Data supplied: Begin

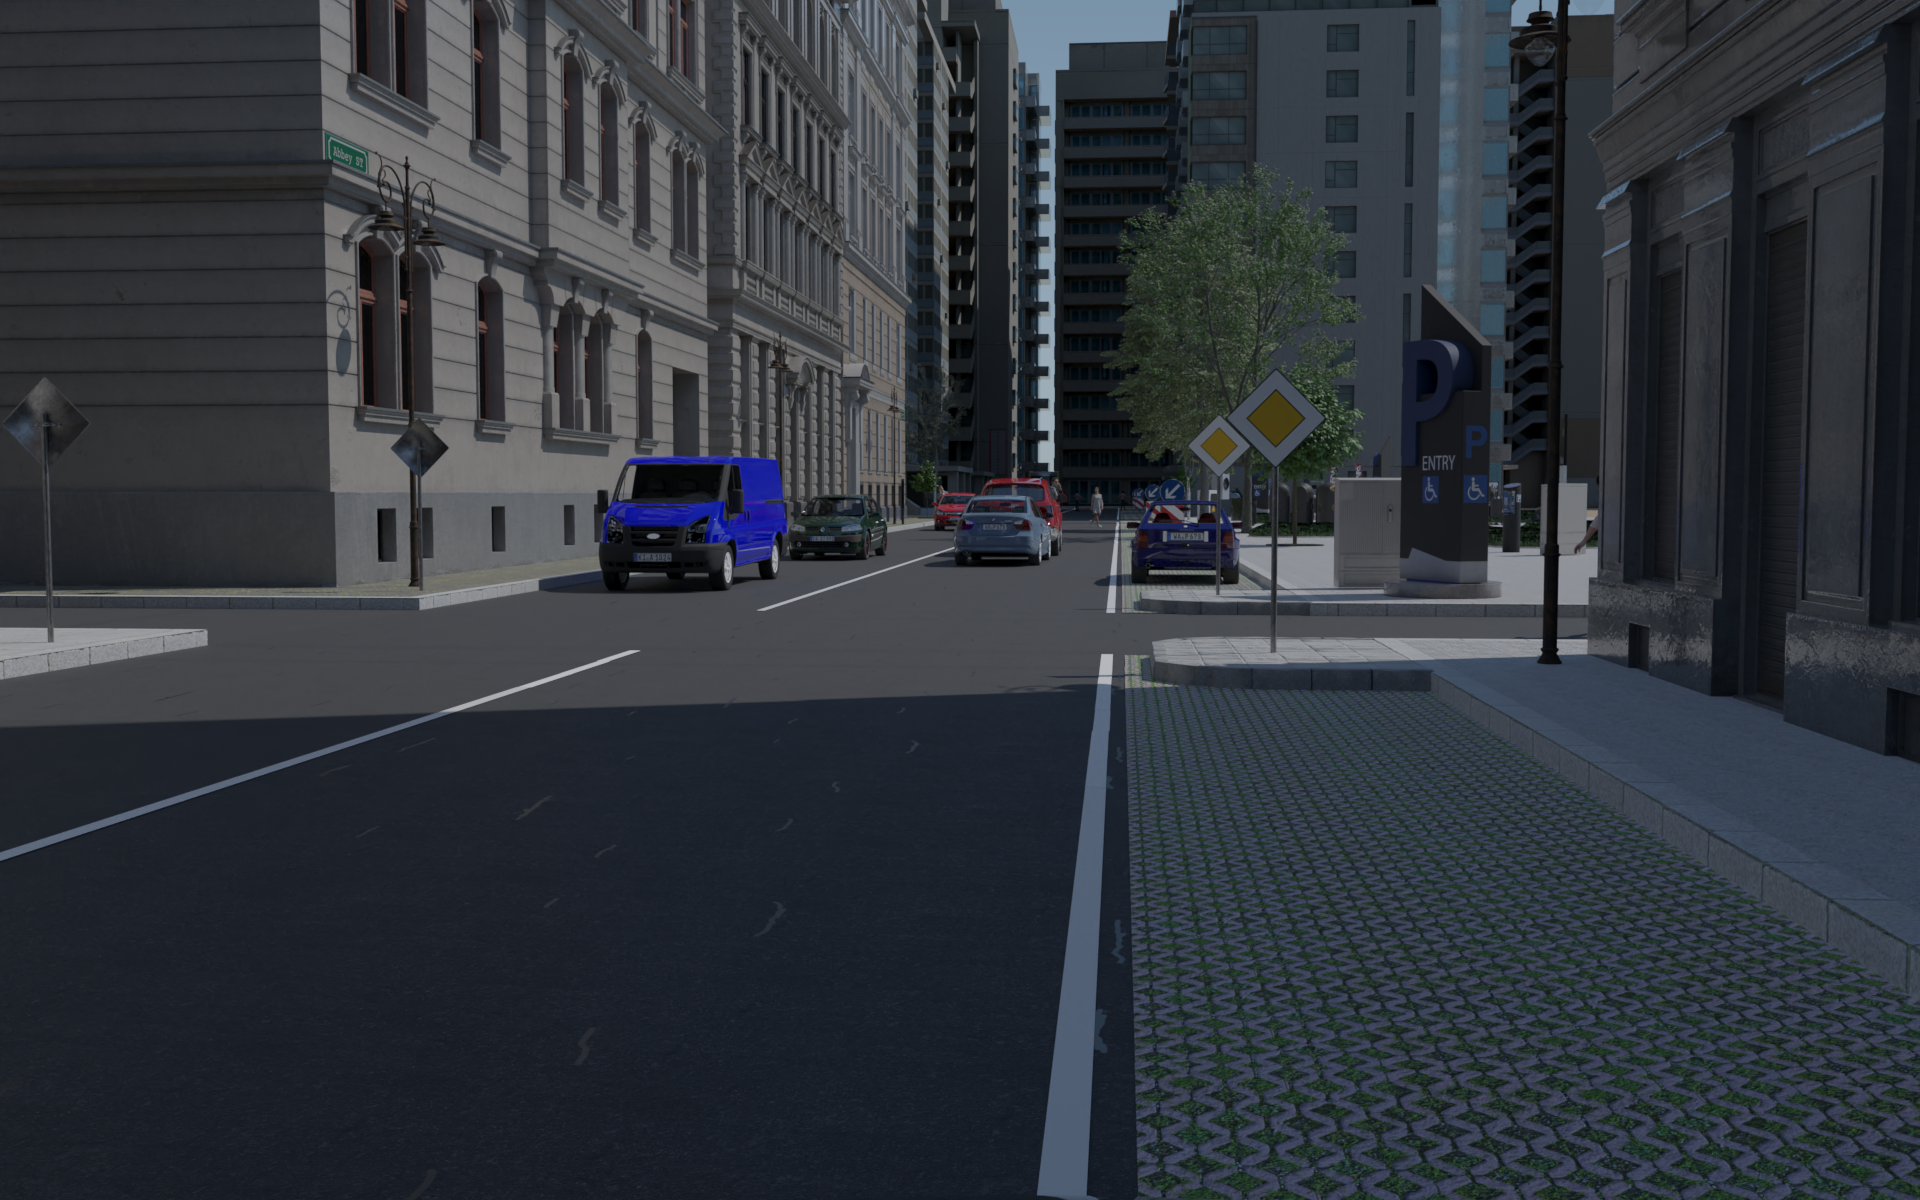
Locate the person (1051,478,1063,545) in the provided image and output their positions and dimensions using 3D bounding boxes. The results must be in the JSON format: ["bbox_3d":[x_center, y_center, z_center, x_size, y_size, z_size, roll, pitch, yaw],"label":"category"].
[{"bbox_3d":[2.712,-2.528,49.188,0.474,1.900,0.648,0,4,6],"label":"person"}]

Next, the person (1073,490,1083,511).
[{"bbox_3d":[9.827,-8.248,144.071,0.721,1.736,1.217,-3,5,-39],"label":"person"}]

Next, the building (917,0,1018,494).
[{"bbox_3d":[-5.652,-32.976,162.864,21.600,48.544,21.300,0,4,5],"label":"building"}]

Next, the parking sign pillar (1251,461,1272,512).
[{"bbox_3d":[16.037,-6.388,92.908,1.447,3.967,1.447,2,4,35],"label":"parking sign pillar"}]

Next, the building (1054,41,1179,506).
[{"bbox_3d":[21.297,-34.618,189.701,21.600,48.544,21.300,0,4,5],"label":"building"}]

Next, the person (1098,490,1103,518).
[{"bbox_3d":[8.406,-5.849,105.058,0.541,1.710,0.530,-1,4,-18],"label":"person"}]

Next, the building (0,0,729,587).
[{"bbox_3d":[-13.736,-15.118,34.562,14.401,28.519,23.554,0,4,5],"label":"building"}]

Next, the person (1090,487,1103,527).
[{"bbox_3d":[5.893,-4.030,75.146,0.466,1.731,0.760,-3,5,-43],"label":"person"}]

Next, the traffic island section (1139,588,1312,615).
[{"bbox_3d":[3.291,0.019,21.976,2.009,0.180,2.903,0,4,5],"label":"traffic island section"}]

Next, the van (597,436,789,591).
[{"bbox_3d":[-4.175,-1.416,27.544,2.240,2.365,5.245,0,4,6],"label":"van"}]

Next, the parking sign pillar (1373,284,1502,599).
[{"bbox_3d":[6.084,-2.034,21.733,1.447,3.967,1.447,-1,4,-19],"label":"parking sign pillar"}]

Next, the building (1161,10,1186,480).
[{"bbox_3d":[29.503,-30.689,156.388,22.147,44.769,28.867,0,4,5],"label":"building"}]

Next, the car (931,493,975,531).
[{"bbox_3d":[-0.034,-3.654,68.789,2.155,1.783,4.494,0,4,3],"label":"car"}]

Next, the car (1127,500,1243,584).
[{"bbox_3d":[3.743,-0.995,28.851,1.945,1.354,3.894,0,4,7],"label":"car"}]

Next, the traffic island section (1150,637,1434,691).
[{"bbox_3d":[2.556,0.505,14.025,2.009,0.180,2.903,0,4,5],"label":"traffic island section"}]

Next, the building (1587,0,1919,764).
[{"bbox_3d":[8.872,-9.468,3.946,9.793,20.994,18.267,0,4,5],"label":"building"}]

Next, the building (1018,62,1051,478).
[{"bbox_3d":[-5.117,-35.085,193.246,30.456,49.044,23.786,0,4,5],"label":"building"}]

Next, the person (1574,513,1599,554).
[{"bbox_3d":[6.551,-0.508,17.473,0.731,1.740,0.598,0,4,-6],"label":"person"}]

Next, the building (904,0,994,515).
[{"bbox_3d":[-13.727,-27.205,136.676,32.217,40.220,23.993,0,4,5],"label":"building"}]

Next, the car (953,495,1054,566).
[{"bbox_3d":[0.918,-1.474,36.105,2.014,1.417,4.499,0,4,7],"label":"car"}]

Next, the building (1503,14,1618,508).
[{"bbox_3d":[55.888,-31.225,160.647,14.200,45.320,14.600,0,4,5],"label":"building"}]

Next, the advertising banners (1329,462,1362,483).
[{"bbox_3d":[19.449,-5.540,86.774,2.074,3.025,0.090,1,4,10],"label":"advertising banners"}]

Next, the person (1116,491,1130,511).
[{"bbox_3d":[13.980,-8.522,148.538,1.217,1.736,0.721,1,4,9],"label":"person"}]

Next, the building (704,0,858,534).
[{"bbox_3d":[-10.101,-13.929,56.613,11.050,23.489,19.941,0,4,5],"label":"building"}]

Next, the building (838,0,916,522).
[{"bbox_3d":[-9.729,-17.773,76.495,13.634,28.700,20.117,0,4,5],"label":"building"}]

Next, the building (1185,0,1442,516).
[{"bbox_3d":[20.734,-20.381,104.939,14.160,30.474,14.107,0,4,5],"label":"building"}]

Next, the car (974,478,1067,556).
[{"bbox_3d":[1.419,-2.022,41.740,2.281,1.827,5.304,0,4,4],"label":"car"}]

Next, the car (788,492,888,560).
[{"bbox_3d":[-2.716,-1.786,38.993,2.009,1.686,4.222,0,4,6],"label":"car"}]

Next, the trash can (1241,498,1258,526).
[{"bbox_3d":[11.606,-3.542,69.566,0.748,1.137,0.748,0,3,0],"label":"trash can"}]

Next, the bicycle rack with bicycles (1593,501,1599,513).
[{"bbox_3d":[30.533,-4.358,84.636,2.852,0.926,2.925,1,4,15],"label":"bicycle rack with bicycles"}]

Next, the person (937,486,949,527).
[{"bbox_3d":[-0.713,-4.152,76.566,0.592,1.802,0.473,0,4,2],"label":"person"}]

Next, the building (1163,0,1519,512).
[{"bbox_3d":[27.164,-31.017,126.741,23.786,49.044,30.456,0,4,5],"label":"building"}]

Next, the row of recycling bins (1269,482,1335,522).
[{"bbox_3d":[13.273,-3.518,64.629,3.534,1.692,1.069,2,4,24],"label":"row of recycling bins"}]

Data supplied: End

Reproduce all of the records above exactly, but exclude the pictures.

Locate the person (1051,478,1063,545) in the provided image and output their positions and dimensions using 3D bounding boxes. The results must be in the JSON format: ["bbox_3d":[x_center, y_center, z_center, x_size, y_size, z_size, roll, pitch, yaw],"label":"category"].
[{"bbox_3d":[2.712,-2.528,49.188,0.474,1.900,0.648,0,4,6],"label":"person"}]

Next, the person (1073,490,1083,511).
[{"bbox_3d":[9.827,-8.248,144.071,0.721,1.736,1.217,-3,5,-39],"label":"person"}]

Next, the building (917,0,1018,494).
[{"bbox_3d":[-5.652,-32.976,162.864,21.600,48.544,21.300,0,4,5],"label":"building"}]

Next, the parking sign pillar (1251,461,1272,512).
[{"bbox_3d":[16.037,-6.388,92.908,1.447,3.967,1.447,2,4,35],"label":"parking sign pillar"}]

Next, the building (1054,41,1179,506).
[{"bbox_3d":[21.297,-34.618,189.701,21.600,48.544,21.300,0,4,5],"label":"building"}]

Next, the person (1098,490,1103,518).
[{"bbox_3d":[8.406,-5.849,105.058,0.541,1.710,0.530,-1,4,-18],"label":"person"}]

Next, the building (0,0,729,587).
[{"bbox_3d":[-13.736,-15.118,34.562,14.401,28.519,23.554,0,4,5],"label":"building"}]

Next, the person (1090,487,1103,527).
[{"bbox_3d":[5.893,-4.030,75.146,0.466,1.731,0.760,-3,5,-43],"label":"person"}]

Next, the traffic island section (1139,588,1312,615).
[{"bbox_3d":[3.291,0.019,21.976,2.009,0.180,2.903,0,4,5],"label":"traffic island section"}]

Next, the van (597,436,789,591).
[{"bbox_3d":[-4.175,-1.416,27.544,2.240,2.365,5.245,0,4,6],"label":"van"}]

Next, the parking sign pillar (1373,284,1502,599).
[{"bbox_3d":[6.084,-2.034,21.733,1.447,3.967,1.447,-1,4,-19],"label":"parking sign pillar"}]

Next, the building (1161,10,1186,480).
[{"bbox_3d":[29.503,-30.689,156.388,22.147,44.769,28.867,0,4,5],"label":"building"}]

Next, the car (931,493,975,531).
[{"bbox_3d":[-0.034,-3.654,68.789,2.155,1.783,4.494,0,4,3],"label":"car"}]

Next, the car (1127,500,1243,584).
[{"bbox_3d":[3.743,-0.995,28.851,1.945,1.354,3.894,0,4,7],"label":"car"}]

Next, the traffic island section (1150,637,1434,691).
[{"bbox_3d":[2.556,0.505,14.025,2.009,0.180,2.903,0,4,5],"label":"traffic island section"}]

Next, the building (1587,0,1919,764).
[{"bbox_3d":[8.872,-9.468,3.946,9.793,20.994,18.267,0,4,5],"label":"building"}]

Next, the building (1018,62,1051,478).
[{"bbox_3d":[-5.117,-35.085,193.246,30.456,49.044,23.786,0,4,5],"label":"building"}]

Next, the person (1574,513,1599,554).
[{"bbox_3d":[6.551,-0.508,17.473,0.731,1.740,0.598,0,4,-6],"label":"person"}]

Next, the building (904,0,994,515).
[{"bbox_3d":[-13.727,-27.205,136.676,32.217,40.220,23.993,0,4,5],"label":"building"}]

Next, the car (953,495,1054,566).
[{"bbox_3d":[0.918,-1.474,36.105,2.014,1.417,4.499,0,4,7],"label":"car"}]

Next, the building (1503,14,1618,508).
[{"bbox_3d":[55.888,-31.225,160.647,14.200,45.320,14.600,0,4,5],"label":"building"}]

Next, the advertising banners (1329,462,1362,483).
[{"bbox_3d":[19.449,-5.540,86.774,2.074,3.025,0.090,1,4,10],"label":"advertising banners"}]

Next, the person (1116,491,1130,511).
[{"bbox_3d":[13.980,-8.522,148.538,1.217,1.736,0.721,1,4,9],"label":"person"}]

Next, the building (704,0,858,534).
[{"bbox_3d":[-10.101,-13.929,56.613,11.050,23.489,19.941,0,4,5],"label":"building"}]

Next, the building (838,0,916,522).
[{"bbox_3d":[-9.729,-17.773,76.495,13.634,28.700,20.117,0,4,5],"label":"building"}]

Next, the building (1185,0,1442,516).
[{"bbox_3d":[20.734,-20.381,104.939,14.160,30.474,14.107,0,4,5],"label":"building"}]

Next, the car (974,478,1067,556).
[{"bbox_3d":[1.419,-2.022,41.740,2.281,1.827,5.304,0,4,4],"label":"car"}]

Next, the car (788,492,888,560).
[{"bbox_3d":[-2.716,-1.786,38.993,2.009,1.686,4.222,0,4,6],"label":"car"}]

Next, the trash can (1241,498,1258,526).
[{"bbox_3d":[11.606,-3.542,69.566,0.748,1.137,0.748,0,3,0],"label":"trash can"}]

Next, the bicycle rack with bicycles (1593,501,1599,513).
[{"bbox_3d":[30.533,-4.358,84.636,2.852,0.926,2.925,1,4,15],"label":"bicycle rack with bicycles"}]

Next, the person (937,486,949,527).
[{"bbox_3d":[-0.713,-4.152,76.566,0.592,1.802,0.473,0,4,2],"label":"person"}]

Next, the building (1163,0,1519,512).
[{"bbox_3d":[27.164,-31.017,126.741,23.786,49.044,30.456,0,4,5],"label":"building"}]

Next, the row of recycling bins (1269,482,1335,522).
[{"bbox_3d":[13.273,-3.518,64.629,3.534,1.692,1.069,2,4,24],"label":"row of recycling bins"}]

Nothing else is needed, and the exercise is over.